Biomathematics / Computational Biology Colloquium

First of Two COB Talks for 11/14: Can Differential Geometry of Fitness Landscapes Solve the Genotype-Phenotype Problem? Hints from Bacteria, Cancer and Autism

Speaker: Olivier Lichtarge MD, PhD, Cullen Chair Professor of Molecular and Human Genetics, Baylor College of Medicine, Houston, TX

Location: Warren Weaver Hall 1314

Date: Tuesday, November 14, 2017, 11:15 a.m.

Synopsis:

The genotype-phenotype relationship governs life in the short term and evolution over the long term, but its complexity has frustrated proper description by elementary equations. By defining differentiation and integration in mutational landscapes, the talk will present an evolutionary calculus to solve genotype-phenotype equations, predict the evolutionary action of mutations on fitness, and elucidate which genes drive a trait, or a disease, in a population. Across 20 cancer cohorts, integrating the evolutionary action of somatic missense mutations from 5,996 patients identified 460 genes with abnormal mutational displacements in the fitness landscape, and likely drivers of tumor. Many of these genes escape detection by current techniques, but most have literature, genetic or functional support, including several dozen with oncogenic integral profiles. Likewise, in autism, integrating de novo missense variants across 2,384 probands implicated 398 genes from 23 pathways, including axonogenesis, synaptic transmission, and neurodevelopmental pathways. The predicted fitness impact of de novo and inherited missense variants in these candidate genes correlated with patient IQ and identified phenotypic differences even for exclusively novel candidates. To test whether these ideas can unravel genotype-phenotype across evolutionary clades, other data show that integrating missense variants in ciprofloxacin pressured E. coli recovers precisely the genes known to confer resistance to that antibiotic. The evolutionary root of these results lies in the selection forces that constrain accepted mutations.
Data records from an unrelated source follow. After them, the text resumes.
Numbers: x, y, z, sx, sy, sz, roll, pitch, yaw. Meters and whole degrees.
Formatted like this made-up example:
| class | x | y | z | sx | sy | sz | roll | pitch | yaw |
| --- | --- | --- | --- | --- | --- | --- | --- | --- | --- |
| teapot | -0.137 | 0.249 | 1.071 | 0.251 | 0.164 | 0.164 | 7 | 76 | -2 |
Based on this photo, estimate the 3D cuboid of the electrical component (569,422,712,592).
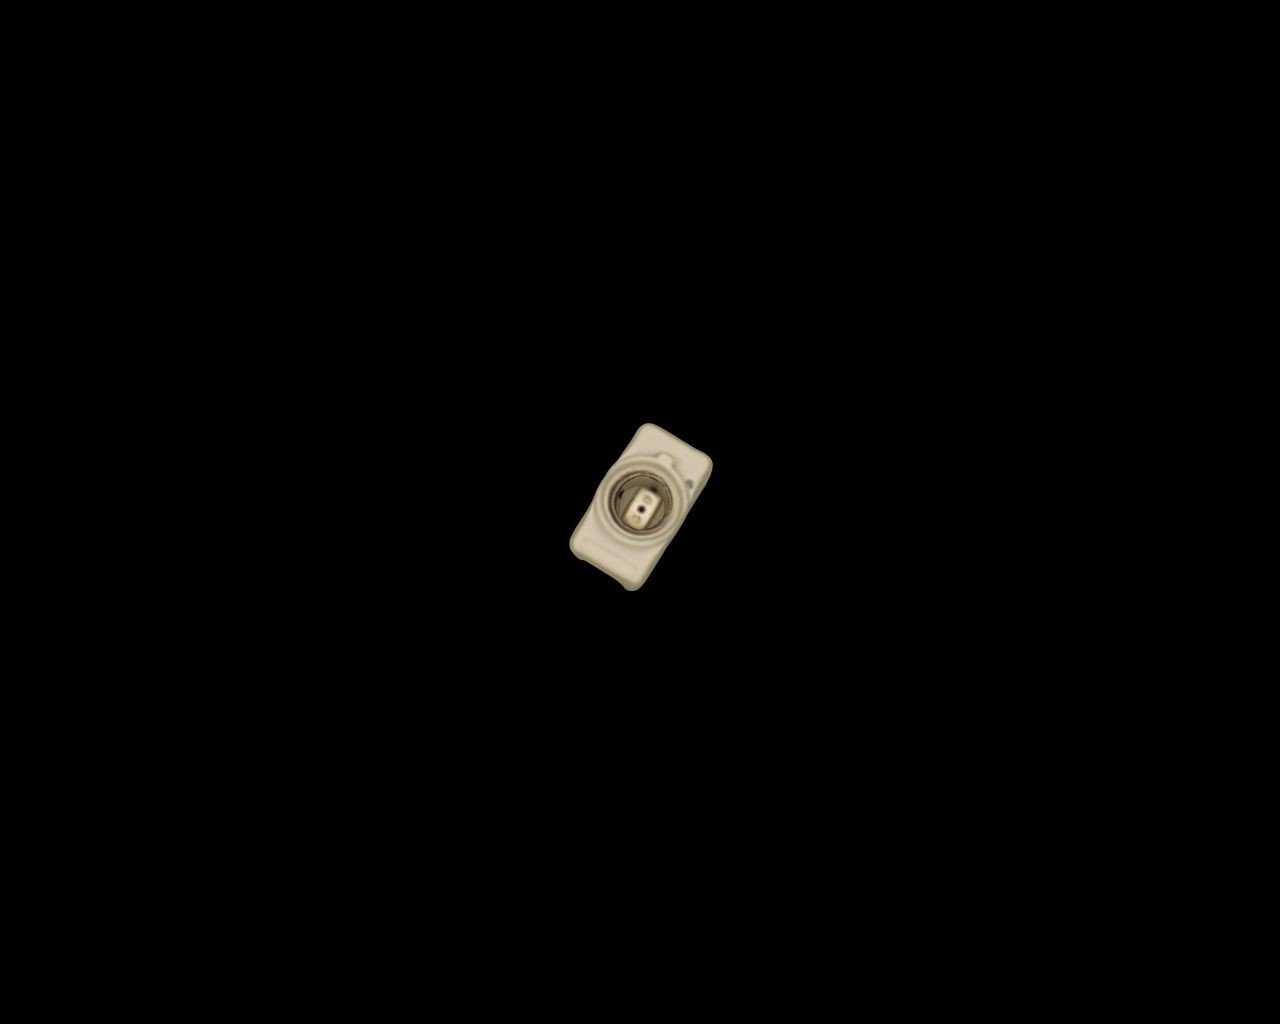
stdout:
| class | x | y | z | sx | sy | sz | roll | pitch | yaw |
| --- | --- | --- | --- | --- | --- | --- | --- | --- | --- |
| electrical component | 0.001 | -0.003 | 0.650 | 0.050 | 0.089 | 0.055 | 31 | -7 | 5 |
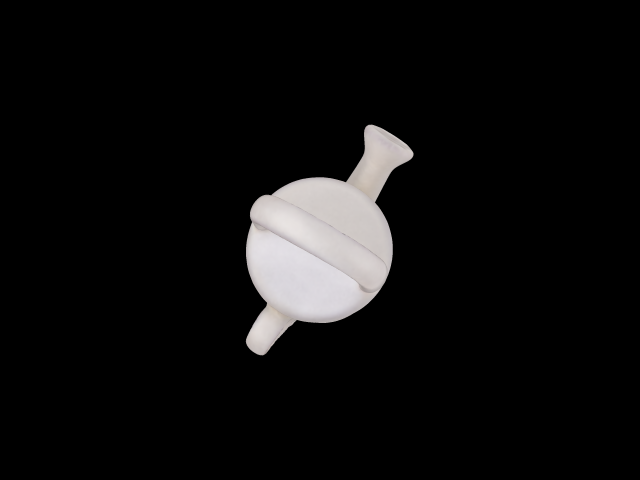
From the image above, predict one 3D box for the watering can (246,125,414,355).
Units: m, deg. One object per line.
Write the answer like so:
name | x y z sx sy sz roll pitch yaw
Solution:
watering can | 0.002 0.000 0.400 0.101 0.194 0.173 11 82 2
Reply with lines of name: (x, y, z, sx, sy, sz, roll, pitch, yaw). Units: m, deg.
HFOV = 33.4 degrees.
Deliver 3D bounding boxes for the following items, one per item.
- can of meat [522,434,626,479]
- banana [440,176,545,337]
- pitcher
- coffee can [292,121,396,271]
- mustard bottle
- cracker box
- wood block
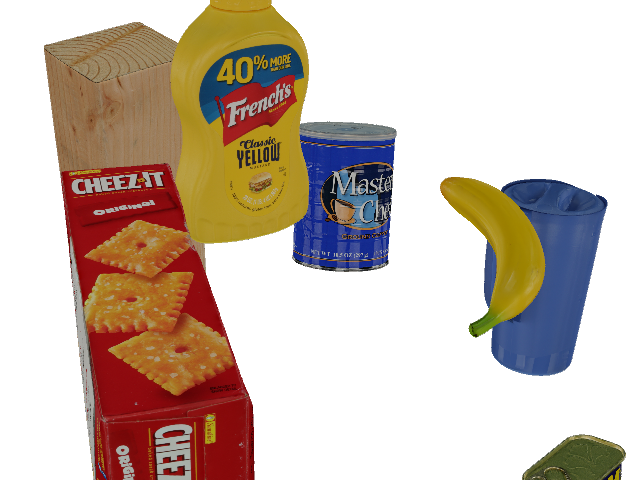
can of meat: (0.223, 0.232, 0.934, 0.058, 0.084, 0.101, 14, 27, 41)
banana: (0.142, 0.000, 0.866, 0.069, 0.037, 0.198, -4, 36, 2)
pitcher: (0.280, 0.051, 1.387, 0.149, 0.243, 0.145, 5, 22, 4)
coffee can: (0.024, -0.048, 1.108, 0.103, 0.140, 0.103, 2, 13, -1)
mustard bottle: (-0.053, -0.097, 0.721, 0.096, 0.192, 0.058, -13, 29, -28)
cracker box: (-0.089, 0.080, 0.566, 0.072, 0.164, 0.214, -7, 34, -14)
wood block: (-0.159, -0.062, 0.884, 0.090, 0.206, 0.090, -23, 39, -32)
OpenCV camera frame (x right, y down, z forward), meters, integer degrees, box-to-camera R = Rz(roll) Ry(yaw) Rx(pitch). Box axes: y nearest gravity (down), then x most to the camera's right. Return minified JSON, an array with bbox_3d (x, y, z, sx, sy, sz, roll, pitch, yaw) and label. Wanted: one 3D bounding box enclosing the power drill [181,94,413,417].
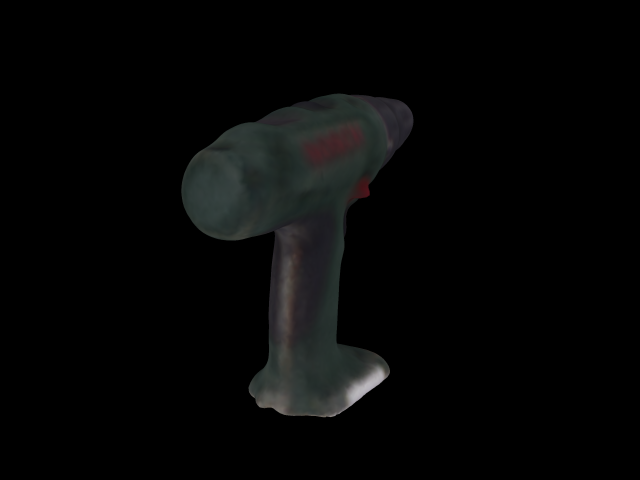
[{"bbox_3d":[0.004,0.001,0.400,0.075,0.208,0.230,6,11,32],"label":"power drill"}]
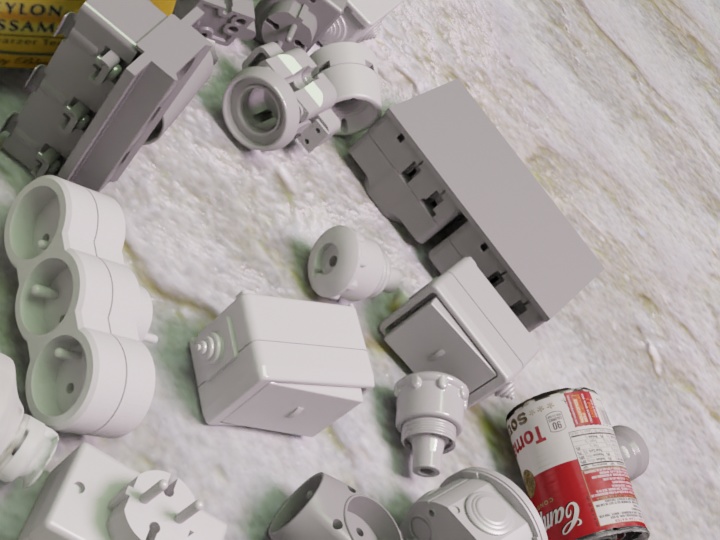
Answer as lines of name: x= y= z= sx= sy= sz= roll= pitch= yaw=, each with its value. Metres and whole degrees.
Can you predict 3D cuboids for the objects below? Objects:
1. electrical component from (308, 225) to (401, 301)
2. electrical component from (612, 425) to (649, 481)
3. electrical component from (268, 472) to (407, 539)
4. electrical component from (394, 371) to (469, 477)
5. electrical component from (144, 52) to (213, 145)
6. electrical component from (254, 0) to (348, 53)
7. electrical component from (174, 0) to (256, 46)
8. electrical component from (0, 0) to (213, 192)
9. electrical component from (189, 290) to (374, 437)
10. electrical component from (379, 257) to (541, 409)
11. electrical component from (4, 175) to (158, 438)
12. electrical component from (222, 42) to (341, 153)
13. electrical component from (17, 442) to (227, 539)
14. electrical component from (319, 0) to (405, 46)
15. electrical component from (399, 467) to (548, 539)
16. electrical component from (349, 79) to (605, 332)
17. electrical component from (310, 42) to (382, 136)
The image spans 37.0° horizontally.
electrical component: x=0.000 y=0.000 z=0.707 sx=0.062 sy=0.048 sz=0.048 roll=19 pitch=48 yaw=-42
electrical component: x=0.178 y=0.137 z=0.771 sx=0.046 sy=0.040 sz=0.040 roll=-16 pitch=72 yaw=-43
electrical component: x=-0.011 y=0.157 z=0.563 sx=0.077 sy=0.044 sz=0.079 roll=44 pitch=26 yaw=-7
electrical component: x=0.043 y=0.097 z=0.671 sx=0.048 sy=0.048 sz=0.062 roll=26 pitch=52 yaw=-27
electrical component: x=-0.141 y=-0.128 z=0.676 sx=0.079 sy=0.043 sz=0.077 roll=39 pitch=40 yaw=-12
electrical component: x=-0.049 y=-0.182 z=0.787 sx=0.047 sy=0.066 sz=0.076 roll=35 pitch=41 yaw=-18
electrical component: x=-0.105 y=-0.198 z=0.764 sx=0.066 sy=0.048 sz=0.055 roll=11 pitch=60 yaw=-38
electrical component: x=-0.142 y=-0.094 z=0.585 sx=0.063 sy=0.121 sz=0.078 roll=39 pitch=40 yaw=-8
electrical component: x=-0.048 y=0.055 z=0.602 sx=0.096 sy=0.062 sz=0.061 roll=9 pitch=54 yaw=-39
electrical component: x=0.069 y=0.052 z=0.716 sx=0.096 sy=0.062 sz=0.061 roll=52 pitch=39 yaw=3
electrical component: x=-0.133 y=0.021 z=0.557 sx=0.074 sy=0.052 sz=0.138 roll=22 pitch=44 yaw=-52
electrical component: x=-0.057 y=-0.114 z=0.734 sx=0.078 sy=0.058 sz=0.057 roll=51 pitch=36 yaw=0
electrical component: x=-0.100 y=0.116 z=0.494 sx=0.083 sy=0.076 sz=0.047 roll=35 pitch=41 yaw=-18
electrical component: x=-0.018 y=-0.227 z=0.867 sx=0.099 sy=0.048 sz=0.099 roll=46 pitch=39 yaw=-5
electrical component: x=0.063 y=0.157 z=0.613 sx=0.051 sy=0.080 sz=0.080 roll=-18 pitch=73 yaw=-43
electrical component: x=0.086 y=-0.043 z=0.809 sx=0.186 sy=0.060 sz=0.105 roll=53 pitch=39 yaw=4
electrical component: x=-0.012 y=-0.132 z=0.794 sx=0.055 sy=0.055 sz=0.047 roll=12 pitch=56 yaw=-37
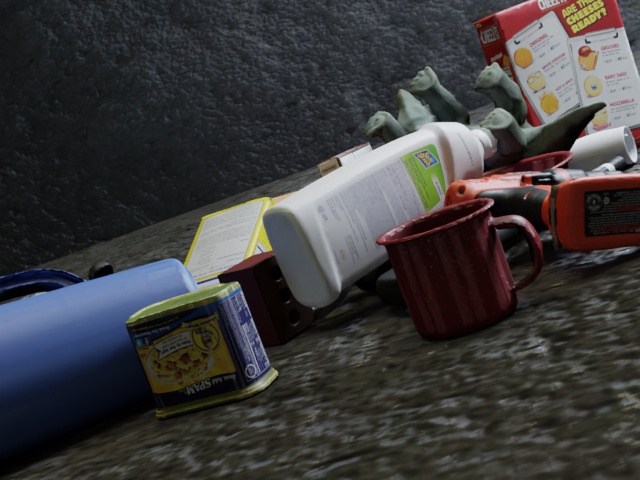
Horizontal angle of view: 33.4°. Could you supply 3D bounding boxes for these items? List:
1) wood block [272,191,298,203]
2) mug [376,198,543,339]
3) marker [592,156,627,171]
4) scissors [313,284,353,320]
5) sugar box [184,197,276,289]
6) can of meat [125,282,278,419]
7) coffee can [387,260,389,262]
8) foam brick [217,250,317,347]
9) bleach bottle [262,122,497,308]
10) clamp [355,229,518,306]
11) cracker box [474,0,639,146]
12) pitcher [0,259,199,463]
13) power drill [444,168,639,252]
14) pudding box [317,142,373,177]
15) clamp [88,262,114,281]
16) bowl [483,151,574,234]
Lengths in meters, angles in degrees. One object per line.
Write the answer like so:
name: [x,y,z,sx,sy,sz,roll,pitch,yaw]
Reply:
wood block: [-0.032,-0.013,1.366,0.207,0.090,0.090,-14,9,40]
mug: [0.109,0.019,0.794,0.117,0.081,0.093,-17,8,23]
marker: [0.296,-0.066,1.148,0.020,0.020,0.120,-12,11,47]
scissors: [0.041,0.007,1.029,0.202,0.016,0.096,-45,20,1]
sugar box: [-0.096,0.038,1.071,0.093,0.048,0.176,-17,39,29]
can of meat: [-0.096,0.086,0.849,0.102,0.084,0.057,-17,8,23]
coffee can: [0.060,-0.025,1.154,0.103,0.103,0.140,-19,8,9]
foam brick: [-0.049,0.054,0.981,0.051,0.078,0.052,-13,13,43]
bleach bottle: [0.071,-0.037,0.990,0.250,0.102,0.068,-29,11,-29]
clamp: [0.090,0.028,0.953,0.165,0.036,0.209,-20,4,18]
cracker box: [0.302,-0.196,1.312,0.164,0.214,0.072,-22,7,-15]
pitcher: [-0.222,0.094,0.923,0.242,0.149,0.145,-19,7,-17]
power drill: [0.219,-0.030,0.893,0.184,0.057,0.188,-7,6,-15]
pudding box: [0.053,-0.066,1.427,0.039,0.113,0.089,-19,6,35]
clamp: [-0.207,0.097,1.108,0.039,0.120,0.172,-32,-8,-26]
bowl: [0.188,-0.038,1.091,0.162,0.055,0.162,-20,8,3]
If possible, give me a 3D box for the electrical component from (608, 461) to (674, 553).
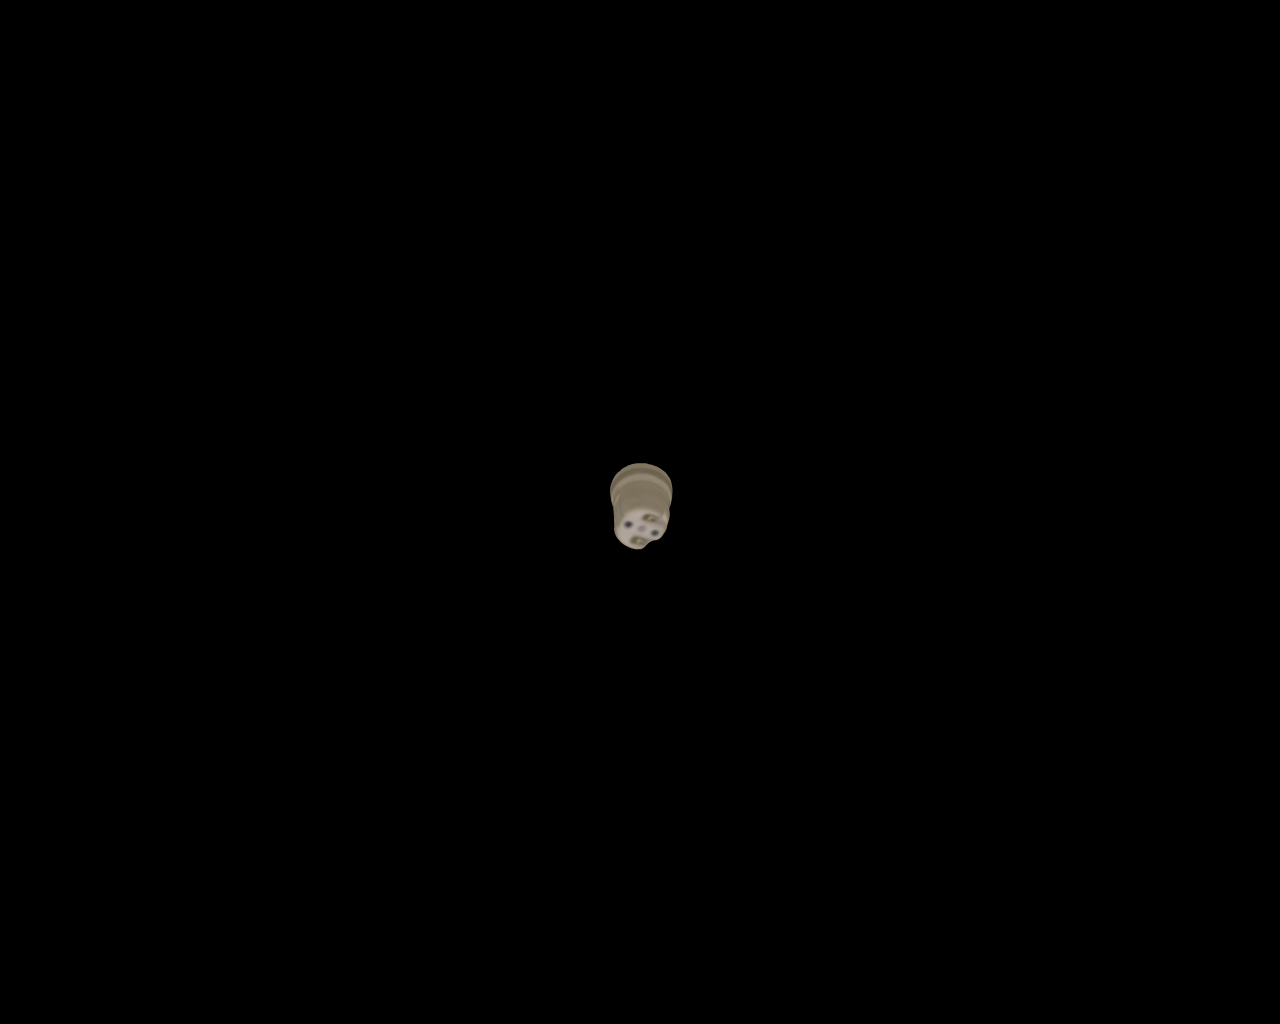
[{"bbox_3d":[0.001,-0.003,0.650,0.040,0.040,0.046,0,34,0],"label":"electrical component"}]

These mutations, which are thought to be nearly neutral, can now be shown to have an exponential bias towards least evolutionary action. As a result, a normal population on average follows geodesics in the fitness landscape, but a population selected to carry a specific trait or with a given disease, steps off the geodesic.  Beyond biological insights in cancer, autism, or antibiotic resistance, this work shows that the explicit use of evolution to measure fitness gradients, pathogenic missteps and selective forces in mutational landscapes may elucidate which genes support a trait, phenotype, or disease common to a population. Thus, basic concepts from calculus, a technique to solve formulaically otherwise intractable problems, may support a new analytic paradigm in biology to solve the genotype-phenotype problem, as we sought to show.